4. The method of claim 1 wherein said proppant is comprised of a particulate material selected from the group consisting of sand, bauxite, ceramics, glass, plastics and resins.

5. The method of claim 1 wherein said proppant and magnetized material are placed in said fracture intermittently.

6. The method of claim 1 wherein said proppant and magnetized material are placed in said fracture in the form of a mixture.

7. The method of claim 6 wherein the quantitative ratio of magnetized material to proppant in said mixture increases as said mixture is placed in said fracture.

8. The method of claim 1 wherein said proppant is placed in said fracture first followed by said magnetized material.

9. An improved method of fracturing a subterranean zone penetrated by a well bore and placing proppant therein whereby flow-back of proppant and formation particulate solids from the zone is prevented comprising:

(a) pumping a fracturing fluid into said subterranean zone by way of said well bore at a sufficient rate and pressure to form at least one fracture in said zone;

(b) placing said proppant and a magnetized material, embedded in or coated on a non-metallic material in said fracture while maintaining said fracture open to form a proppant bed; and

(c) allowing said fracture to close on said proppant and magnetized material whereby said magnetized material clusters in voids and channels in the proppant bed formed which facilitates creation of proppant bridges therein and prevents proppant and solids flow-back.

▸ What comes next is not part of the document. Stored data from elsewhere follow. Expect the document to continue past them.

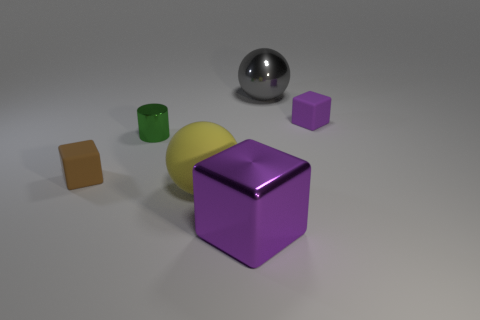Is the shape of the gray object the same as the large rubber object?
Your answer should be compact. Yes. There is a brown thing that is the same material as the yellow object; what size is it?
Offer a very short reply. Small. There is a big ball that is behind the cylinder; how many gray metal things are in front of it?
Provide a succinct answer. 0. Are the purple block that is behind the small brown thing and the cylinder made of the same material?
Provide a succinct answer. No. Is there any other thing that is made of the same material as the cylinder?
Keep it short and to the point. Yes. There is a rubber cube that is right of the tiny matte block that is on the left side of the large rubber object; how big is it?
Your answer should be very brief. Small. There is a purple thing in front of the purple cube that is behind the large metal object that is in front of the brown object; what is its size?
Keep it short and to the point. Large. There is a matte object that is behind the tiny metallic cylinder; does it have the same shape as the green thing that is to the left of the large purple block?
Provide a short and direct response. No. What number of other things are there of the same color as the big metal cube?
Offer a very short reply. 1. Do the matte cube that is on the right side of the purple shiny object and the tiny green object have the same size?
Offer a terse response. Yes.

10. The method of claim 9 wherein said magnetized material is comprised of a magnetizable metal selected from the group consisting of iron, ferrite, low carbon steel, iron-silicon alloys, nickel-iron alloys and iron-cobalt alloys.

11. The method of claim 9 wherein said non-metallic material is selected from the group consisting of plastics, resins ceramics, bauxite, sand and glass.

12. The method of claim 9 wherein said proppant is comprised of a particulate material selected from the group consisting of sand, bauxite, ceramics, glass, plastics and resins.

13. The method of claim 9 wherein said proppant and magnetized material are placed in said fracture in the form of a mixture.

14. The method of claim 9 wherein said proppant is placed in said fracture first followed by said magnetized material.

15. An improved method of propping a fracture and preventing undesired particulate flow through a fracture in a subterranean formation comprising:

introducing particles of non-metallic carrier material having associated therewith a magnetizable metal into a fracture in a subterranean formation; and

magnetizing said magnetizable metal whereby the particles of non-metallic carrier material associated therewith form clusters by attraction of said magnetized metal in said fracture to facilitate prevention of particulate flow through said fracture.

16. The method of claim 15 wherein said magnetizable metal is selected from the group consisting of iron, ferrite, low carbon steel, iron-silicon alloys, nickel-iron alloys and iron-cobalt alloys.

17. The method of claim 15 wherein said magnetizable metal is embedded in or coated on said non-metallic carrier.